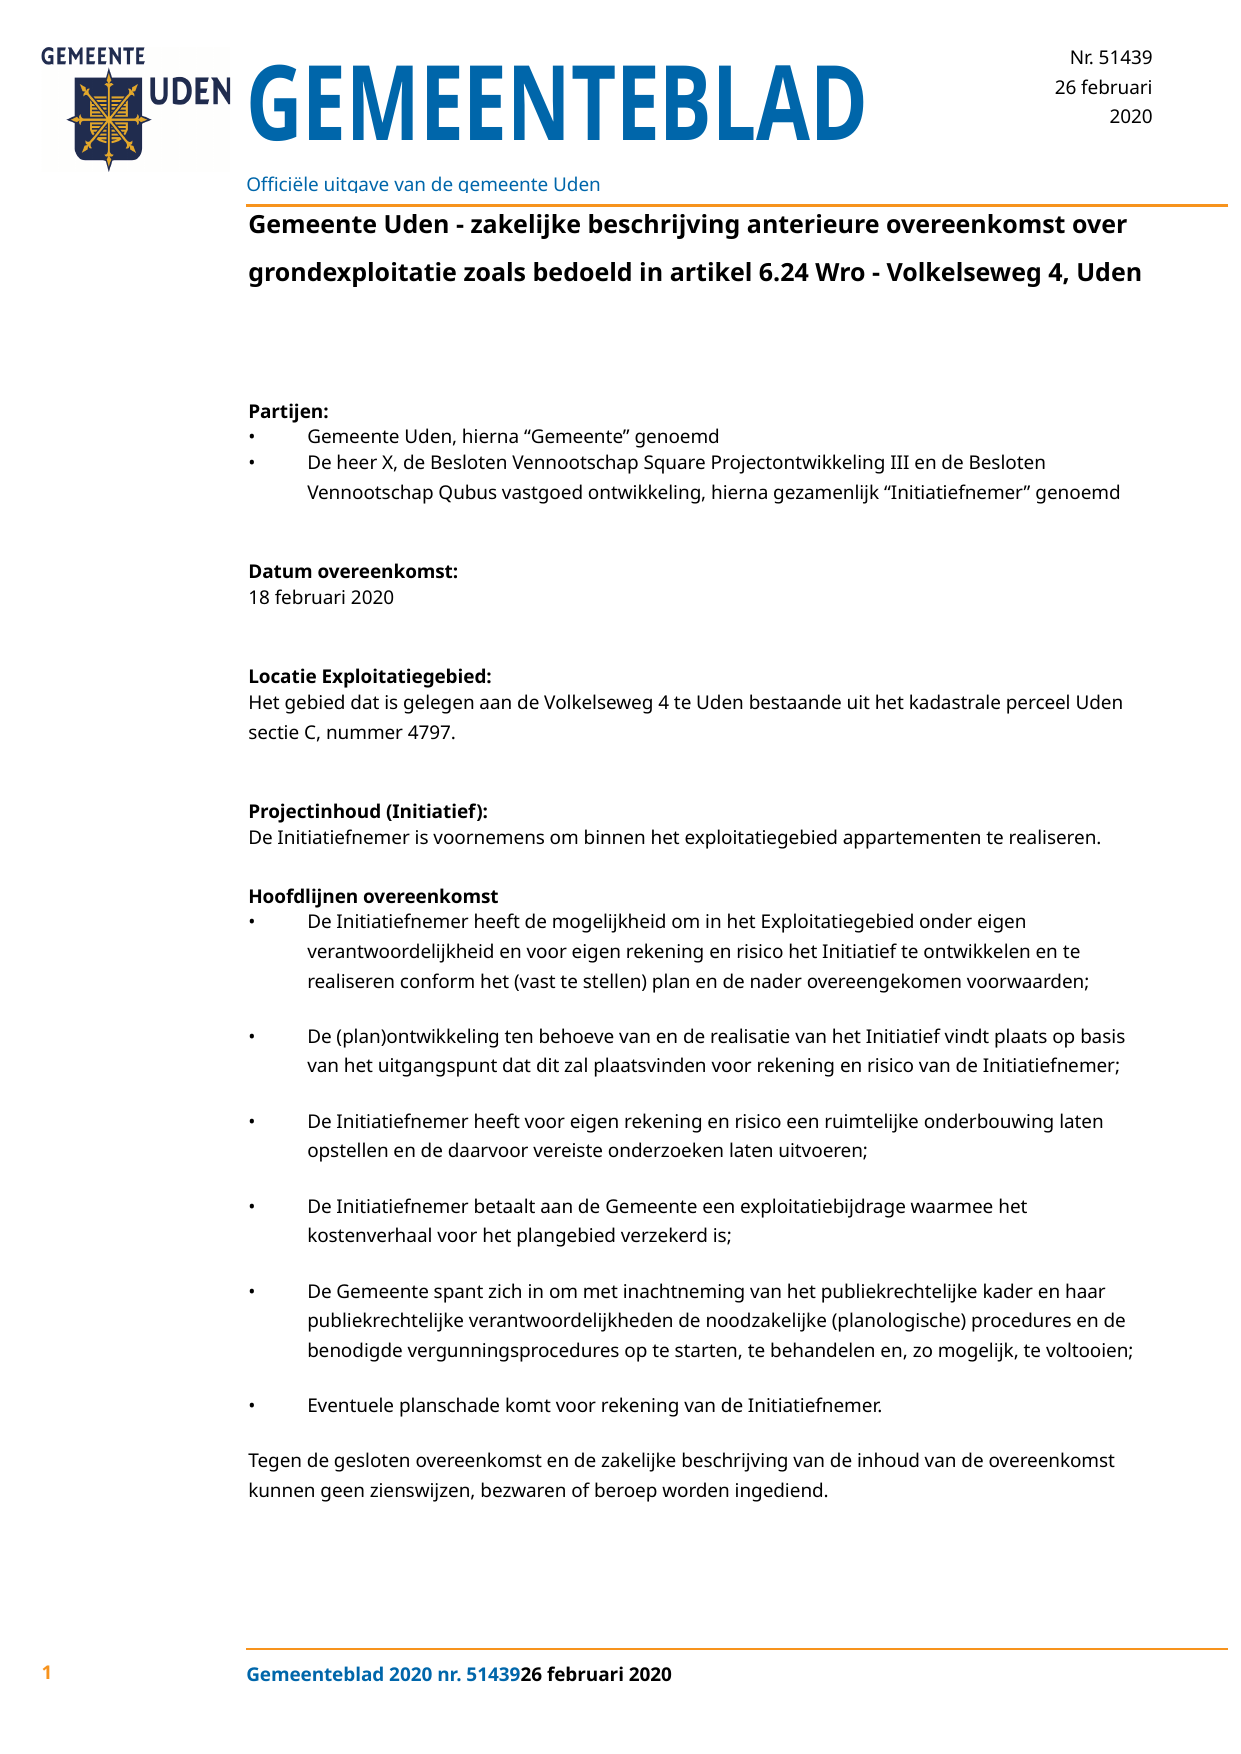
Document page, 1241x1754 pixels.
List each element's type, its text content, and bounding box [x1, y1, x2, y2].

table_cell Tegen de gesloten overeenkomst en de zakelijke beschrijving van de inhoud van de overeenkomst kunnen geen zienswijzen, bezwaren of beroep worden ingediend. [248, 1448, 1152, 1503]
table_cell Het gebied dat is gelegen aan de Volkelseweg 4 te Uden bestaande uit het kadastrale perceel Uden sectie C, nummer 4797. [248, 690, 1152, 745]
table_cell De Initiatiefnemer heeft voor eigen rekening en risico een ruimtelijke onderbouwing laten opstellen en de daarvoor vereiste onderzoeken laten uitvoeren; [248, 1108, 1152, 1193]
table_cell 18 februari 2020 [248, 584, 1152, 610]
table_cell De Gemeente spant zich in om met inachtneming van het publiekrechtelijke kader en haar publiekrechtelijke verantwoordelijkheden de noodzakelijke (planologische) procedures en de benodigde vergunningsprocedures op te starten, te behandelen en, zo mogelijk, te voltooien; [248, 1278, 1152, 1392]
table_cell Eventuele planschade komt voor rekening van de Initiatiefnemer. [248, 1392, 1152, 1448]
table_header Locatie Exploitatiegebied: [248, 664, 1152, 689]
table_cell Gemeente Uden, hierna “Gemeente” genoemd [248, 424, 1152, 449]
table_cell De (plan)ontwikkeling ten behoeve van en de realisatie van het Initiatief vindt plaats op basis van het uitgangspunt dat dit zal plaatsvinden voor rekening en risico van de Initiatiefnemer; [248, 1023, 1152, 1108]
table_cell De Initiatiefnemer heeft de mogelijkheid om in het Exploitatiegebied onder eigen verantwoordelijkheid en voor eigen rekening en risico het Initiatief te ontwikkelen en te realiseren conform het (vast te stellen) plan en de nader overeengekomen voorwaarden; [248, 909, 1152, 1023]
table_header Hoofdlijnen overeenkomst [248, 883, 1152, 909]
table_cell De Initiatiefnemer is voornemens om binnen het exploitatiegebied appartementen te realiseren. [248, 824, 1152, 850]
table_header Projectinhoud (Initiatief): [248, 799, 1152, 824]
text Gemeente Uden - zakelijke beschrijving anterieure overeenkomst over grondexploitatie zoals bedoeld in artikel 6.24 Wro - Volkelseweg 4, Uden [248, 207, 1152, 288]
table_cell De heer X, de Besloten Vennootschap Square Projectontwikkeling III en de Besloten Vennootschap Qubus vastgoed ontwikkeling, hierna gezamenlijk “Initiatiefnemer” genoemd [248, 450, 1152, 505]
table_header Partijen: [248, 369, 1152, 424]
table_cell De Initiatiefnemer betaalt aan de Gemeente een exploitatiebijdrage waarmee het kostenverhaal voor het plangebied verzekerd is; [248, 1193, 1152, 1278]
picture [41, 47, 231, 172]
table_header Datum overeenkomst: [248, 559, 1152, 584]

___

» **Task prompt**:
Report each line of the entries where the word "Uden" occurs.

» **Answer to the exercise**:
table_cell Het gebied dat is gelegen aan de Volkelseweg 4 te Uden bestaande uit het kadastrale perceel Uden sectie C, nummer 4797. [248, 690, 1152, 745]
table_cell Gemeente Uden, hierna “Gemeente” genoemd [248, 424, 1152, 449]
text Gemeente Uden - zakelijke beschrijving anterieure overeenkomst over grondexploitatie zoals bedoeld in artikel 6.24 Wro - Volkelseweg 4, Uden [248, 207, 1152, 288]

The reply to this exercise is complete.